見ると、型から化石を外したあとのようだった。
「ちゃんと固まってるかたしかめようとしたら、ちょっと中へこんじゃった」
確かに、待鳥さんの型のアンモナイトは一部ぎざぎざしている模様がなくなって、クレーターのようにへこんでしまっていた。きっと石膏を入れるとそこだけ出っ張ってしまうだろう。
「もう時間もないし、このまま作るしかないね」
「そうだね」
彼女は残念そうにそう言った。
石膏が固まった後、少し色塗りをして今日は終わりだった。僕は三葉虫の色なんて全く想像もつかなかったので、無難に全体を黄土色で塗って化石っぽくした。最後にビニールの袋が配られてそれに入れて持って帰るよう指示された。
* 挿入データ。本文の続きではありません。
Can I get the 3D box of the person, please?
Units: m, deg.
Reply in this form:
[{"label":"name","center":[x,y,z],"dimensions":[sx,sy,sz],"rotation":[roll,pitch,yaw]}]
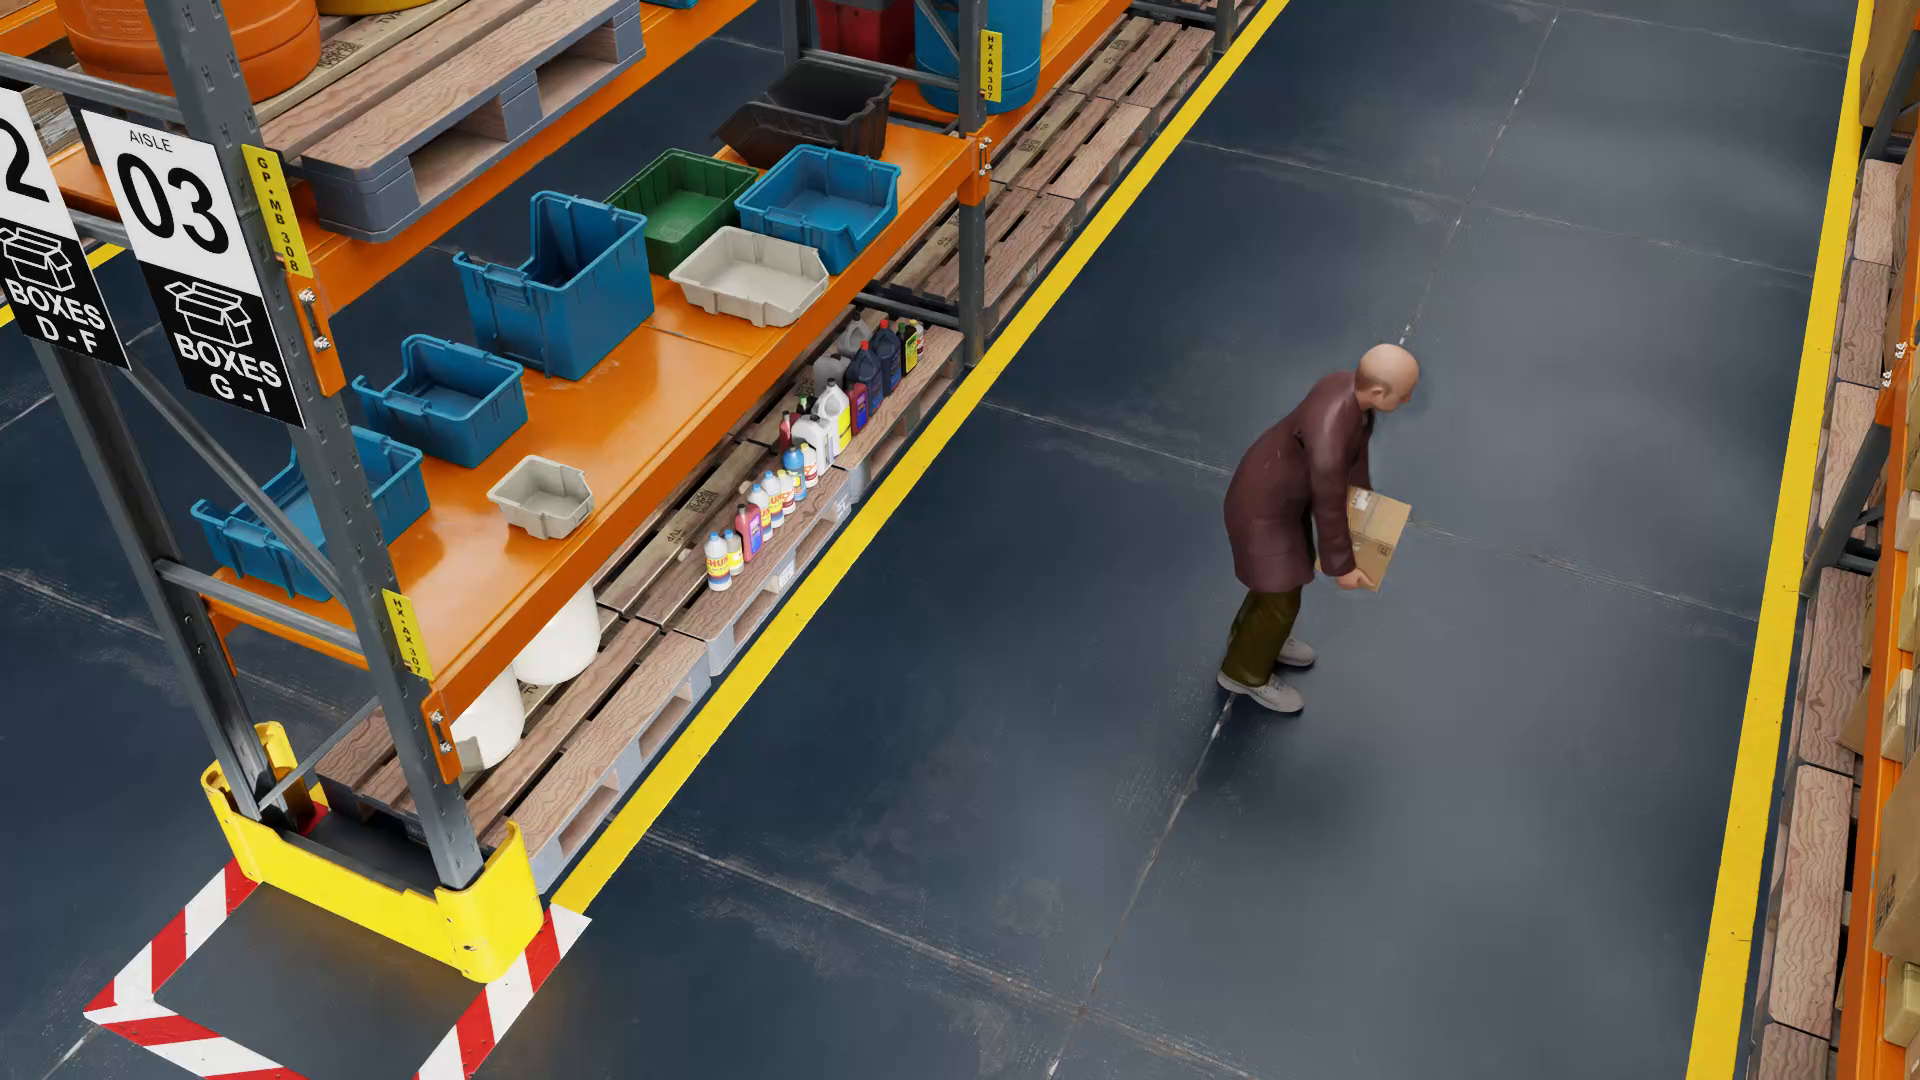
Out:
[{"label":"person","center":[1.314,-0.061,6.310],"dimensions":[0.625,1.691,0.540],"rotation":[17,44,18]}]

持って帰ってどうすればいいのだろうか。
ふと待鳥さんの方を見ると、無事に作り終えたレプリカを袋に入れているところだった。彼女のアンモナイトは全体は薄い色で塗られていて、でっぱた部分だけ明るい色で塗られていた。
「見て、帽子にしたの」
それは帽子というのは少々強引だったが、彼女なりのアイディアなのだろう。というか、アンモナイトの本来の姿を考えると、化石になっている部分はもともと帽子みたいなものじゃないだろうか。
僕は思わず、ダブル帽子…?と呟いてしまった。
彼女はそれを聞こえたのか、初めはきょとんとしていたが、僕の意図が伝わったのか、突然吹き出した。
「そうだね!ダブル帽子だね!」
彼女はそう言って、目を細めて笑った。